- **What needs to be done**
Down to the last line, reproduce the data that follows, but skip the pictures.

- **Information**
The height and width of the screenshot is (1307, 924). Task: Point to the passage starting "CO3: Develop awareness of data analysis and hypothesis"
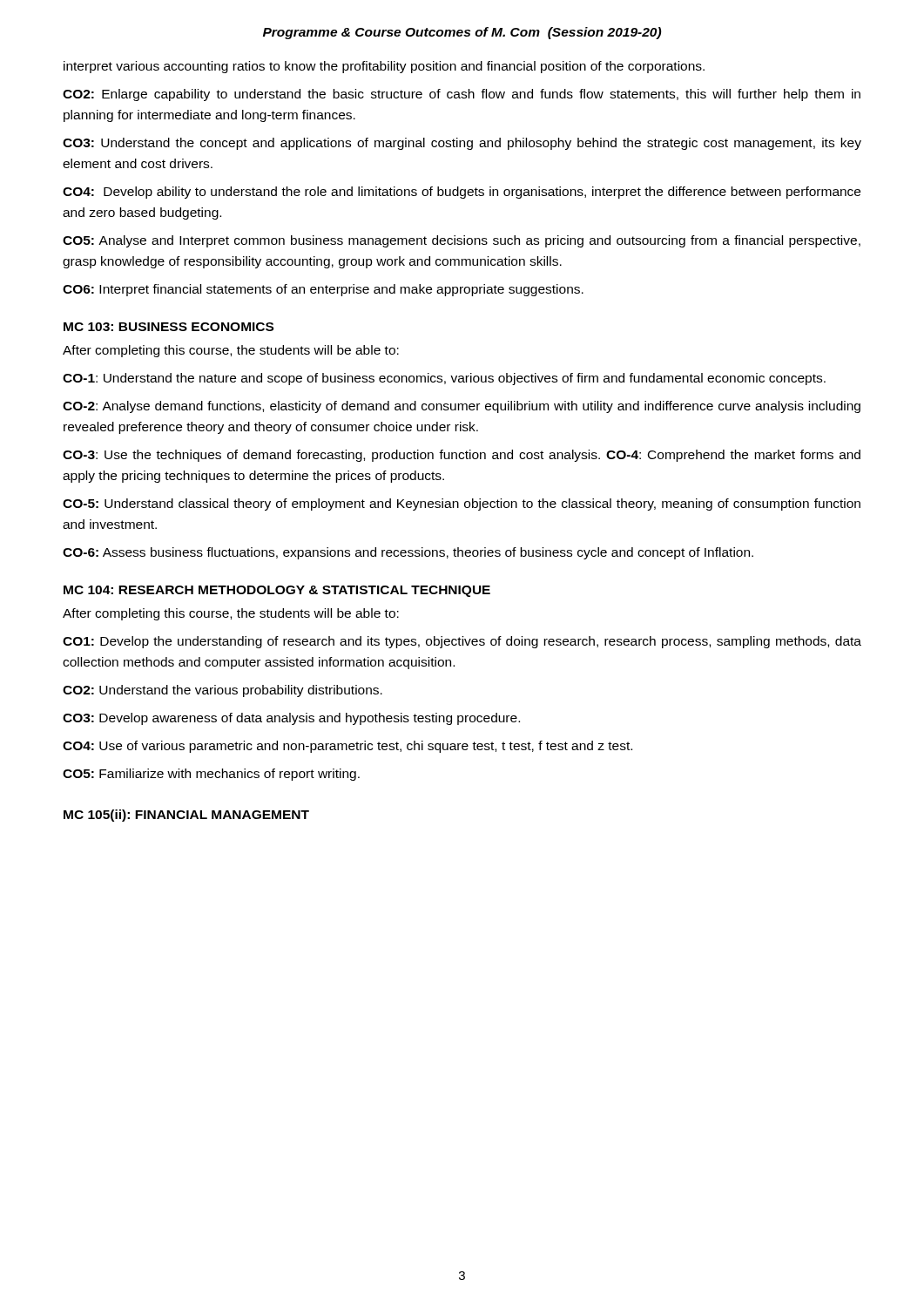click(x=292, y=718)
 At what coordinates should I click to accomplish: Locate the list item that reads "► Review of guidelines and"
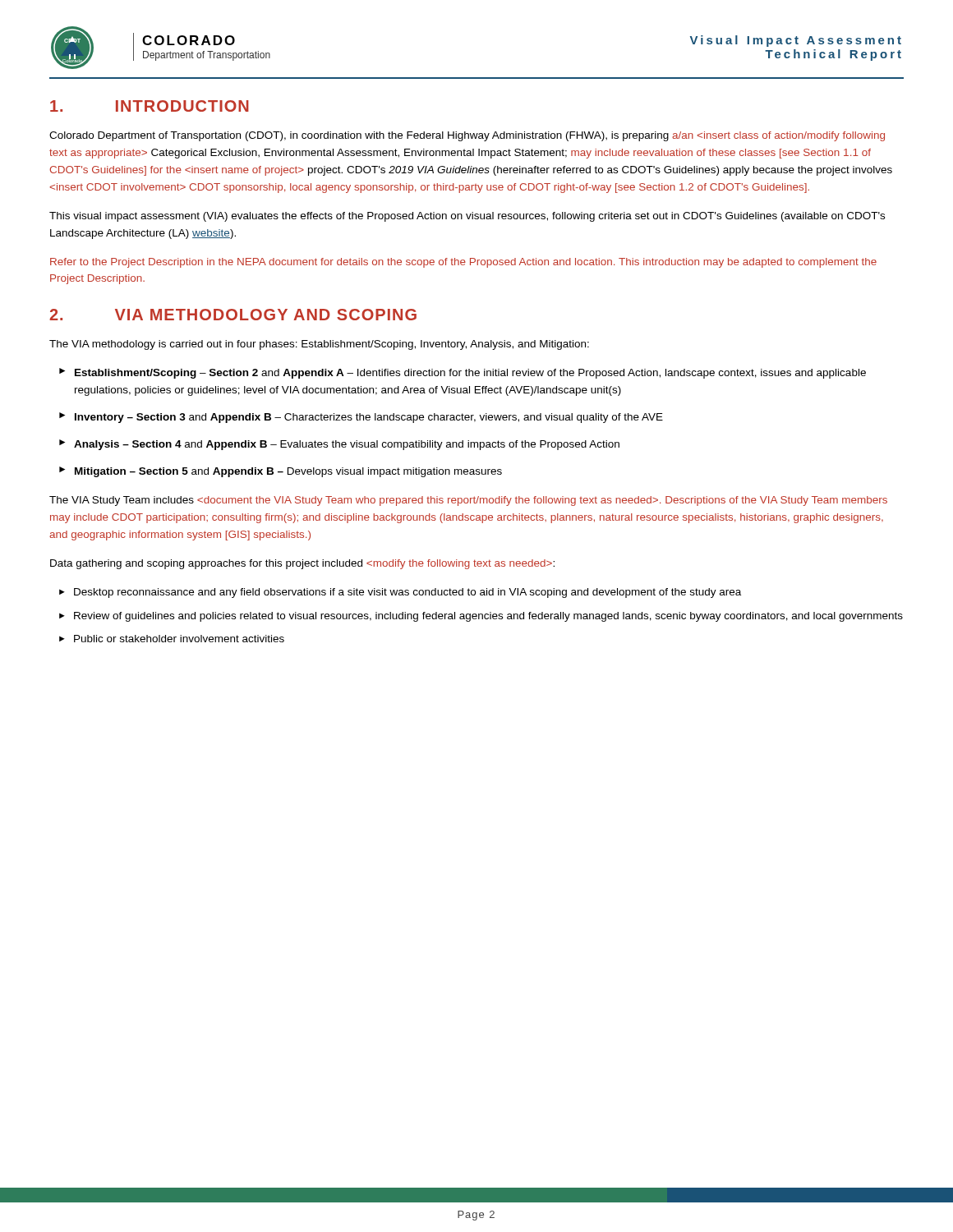click(480, 616)
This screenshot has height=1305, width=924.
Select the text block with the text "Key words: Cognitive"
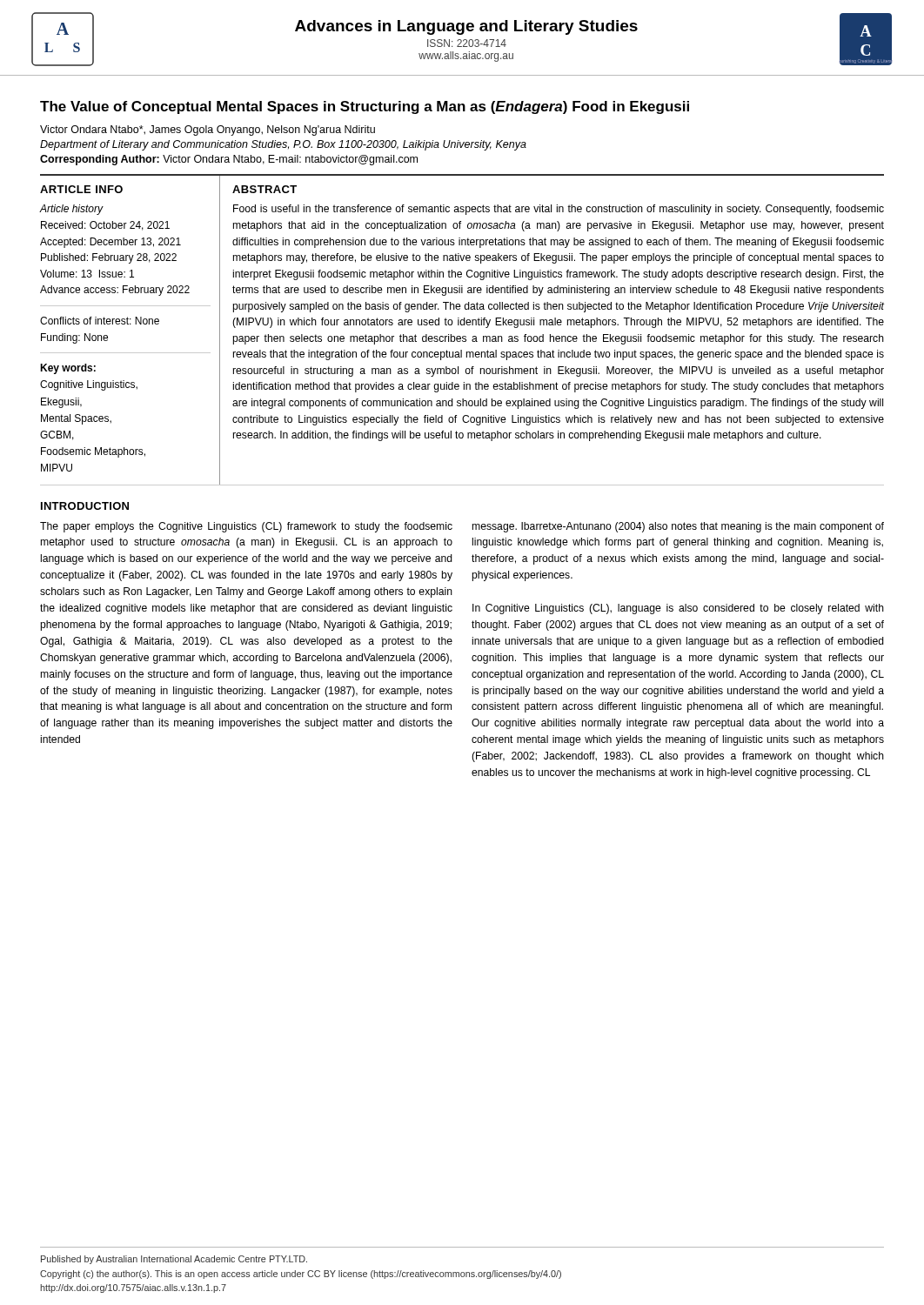68,369
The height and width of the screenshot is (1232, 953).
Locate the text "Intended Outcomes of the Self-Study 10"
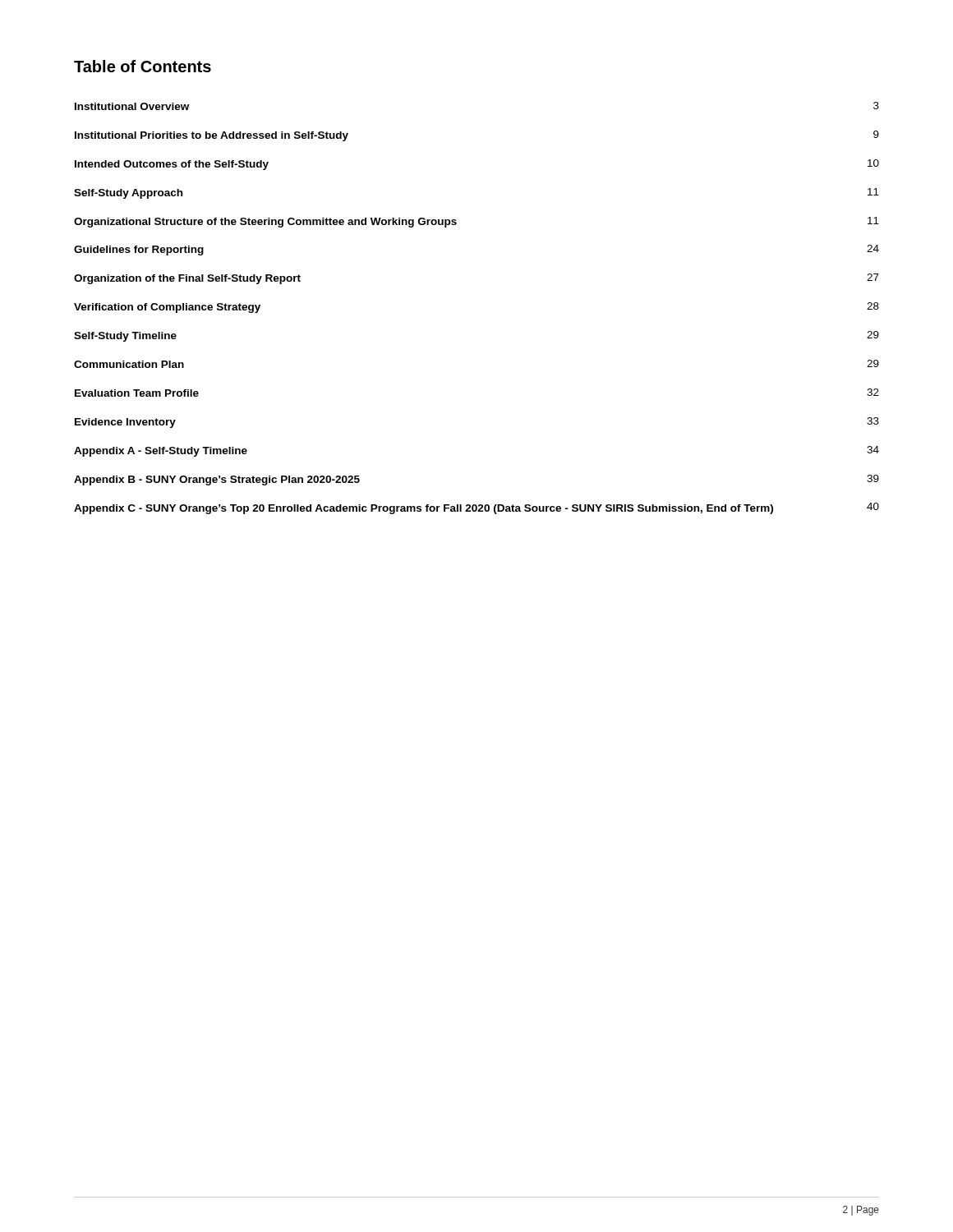(175, 165)
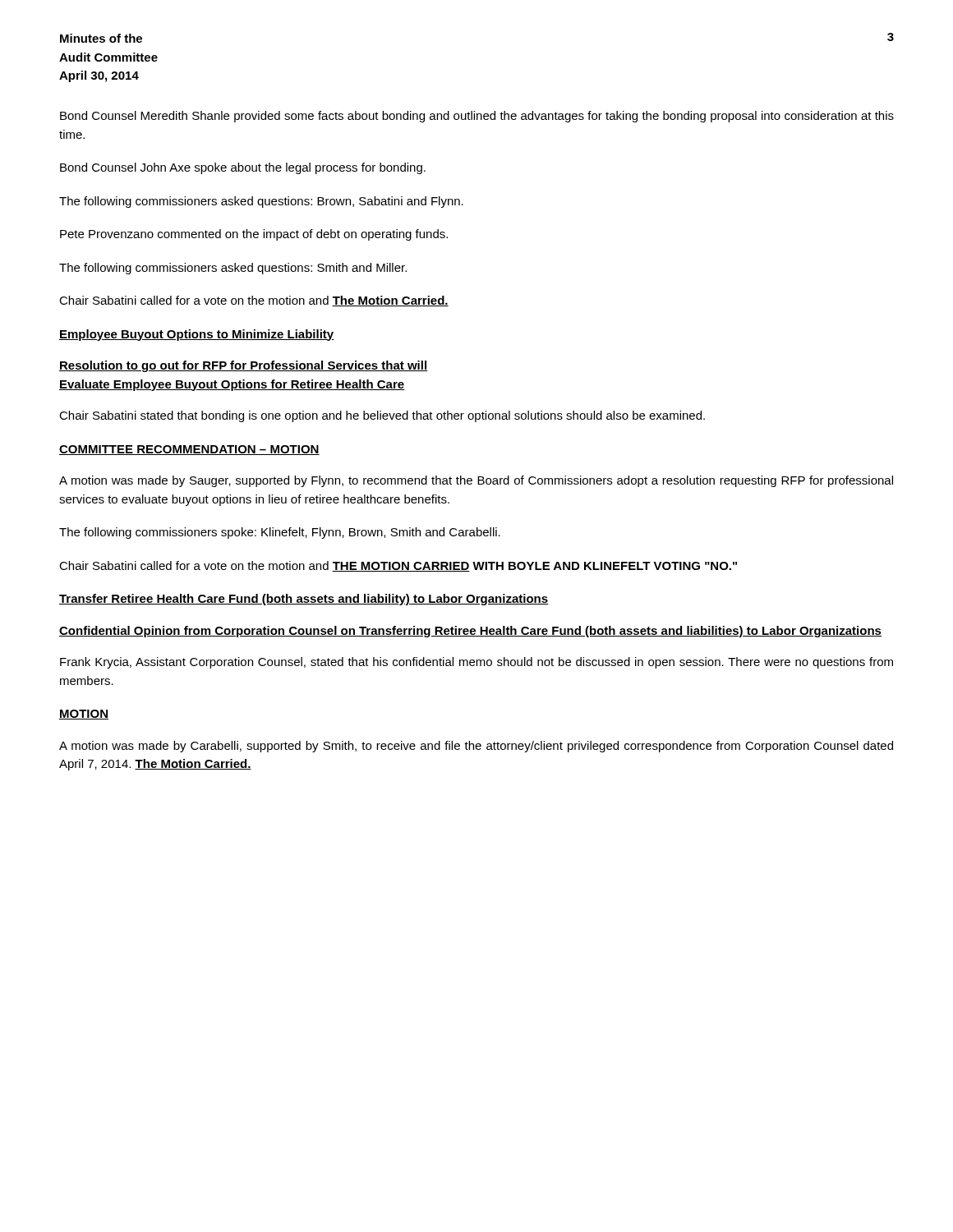The image size is (953, 1232).
Task: Locate the section header that opens with "Employee Buyout Options to Minimize"
Action: coord(196,333)
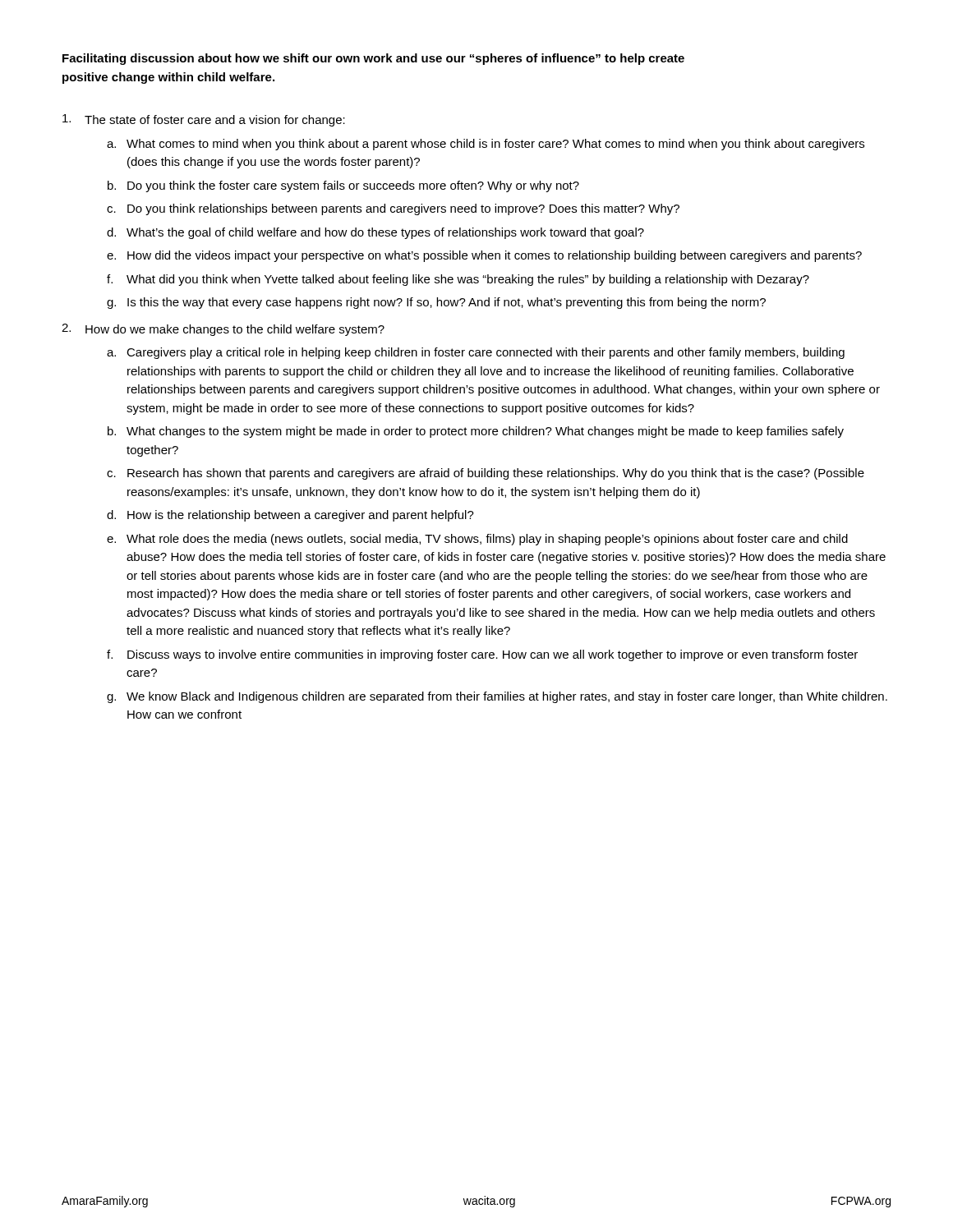Image resolution: width=953 pixels, height=1232 pixels.
Task: Where is the passage that starts "b. What changes"?
Action: [499, 441]
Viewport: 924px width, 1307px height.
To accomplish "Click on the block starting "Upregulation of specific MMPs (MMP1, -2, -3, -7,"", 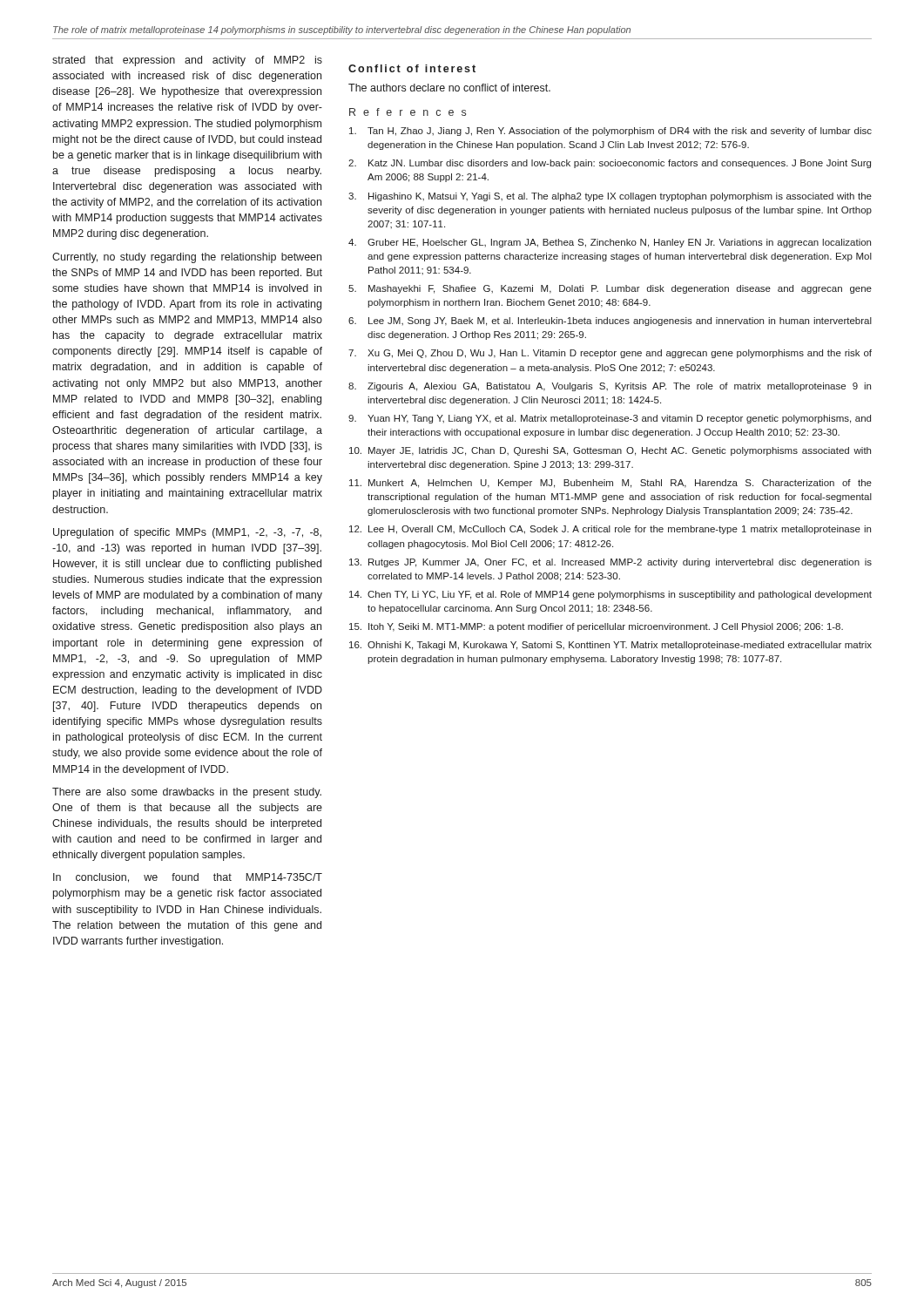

- **Solution**
The height and width of the screenshot is (1307, 924). Task: Point to the passage starting "CO3: Develop awareness of data analysis and hypothesis"
click(x=292, y=718)
 At what coordinates should I click to accomplish: Locate the list item that reads "► Review of guidelines and"
click(480, 616)
This screenshot has height=1305, width=924.
Select the text block with the text "Key words: Cognitive"
68,369
The height and width of the screenshot is (1232, 953).
Locate the text "Intended Outcomes of the Self-Study 10"
(175, 165)
The image size is (953, 1232).
Task: Locate the section header that opens with "Employee Buyout Options to Minimize"
Action: coord(196,333)
Image resolution: width=953 pixels, height=1232 pixels.
Task: Where is the passage that starts "b. What changes"?
Action: [499, 441]
Viewport: 924px width, 1307px height.
To accomplish "Click on the block starting "Upregulation of specific MMPs (MMP1, -2, -3, -7,"", 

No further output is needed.